Monday, September 14th, 2009

iphone apps

Apple’s iPhone has raised the bar for mobile brands in many ways, but perhaps Apple’s biggest iPhone brand advance is its ecosystem of developers to keep new mobile apps coming at a furious rate. To compete with the iPhone you now have to have your own app store and a powerful developer ecosystem crafting waves of irresistible apps. That’s a fairly high hurdle. Palm, Nokia, Research in Motion (BlackBerry) and Google (Android) are all chasing Apple in the brand ecosystem race.
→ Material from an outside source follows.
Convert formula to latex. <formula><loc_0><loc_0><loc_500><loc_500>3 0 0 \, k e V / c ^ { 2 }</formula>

Brands are moving from the showcase to the commons

I would argue that what is happening in mobile brands today presages what will happen to brands in general as mobile apps become the currency of culture. Going forward, the true measure of a brand will be how it transitions from the showcase to the commons, as brands use mobile platforms to enrich and extend social networks. As I’ve noted previously, brands will be recast as applications, as unique ways for customers to get things done. Brand creativity, imagination, moral sense and powers of expression will be embedded in the apps, not imprisoned in a package or an ad. The more these apps surge forth from the ecosystem, the more universal the brand.

Your brand ecosystem is a big part of your identity

In the mobile universe, your brand ecosystem now makes up a large part of your identity. Customers know you, experience you, and view you through your ecosystem. It tells the world how alive you are, and where you’re going. You can’t really be a “smartphone” without one.

Palm: a slow launch for the brand ecosystem

Palm still faces major brand ecosystem challenges for its new Palm Pre smartphone. It is paying the price in reduced sales. Eric Savitz at Barron’s reports on market research that says Pre sales will likely fall below estimates, raising questions about Palm’s ability to compete with Apple and RIM (BlackBerry). A key factor is Palm’s slow development of competitive apps for the Pre, and the slow roll-out of  the Palm Pre Application Catalog. These are critical ecosystem issues.

The Palm Pre software development kit (SDK) was released to developers a month after the Pre was launched.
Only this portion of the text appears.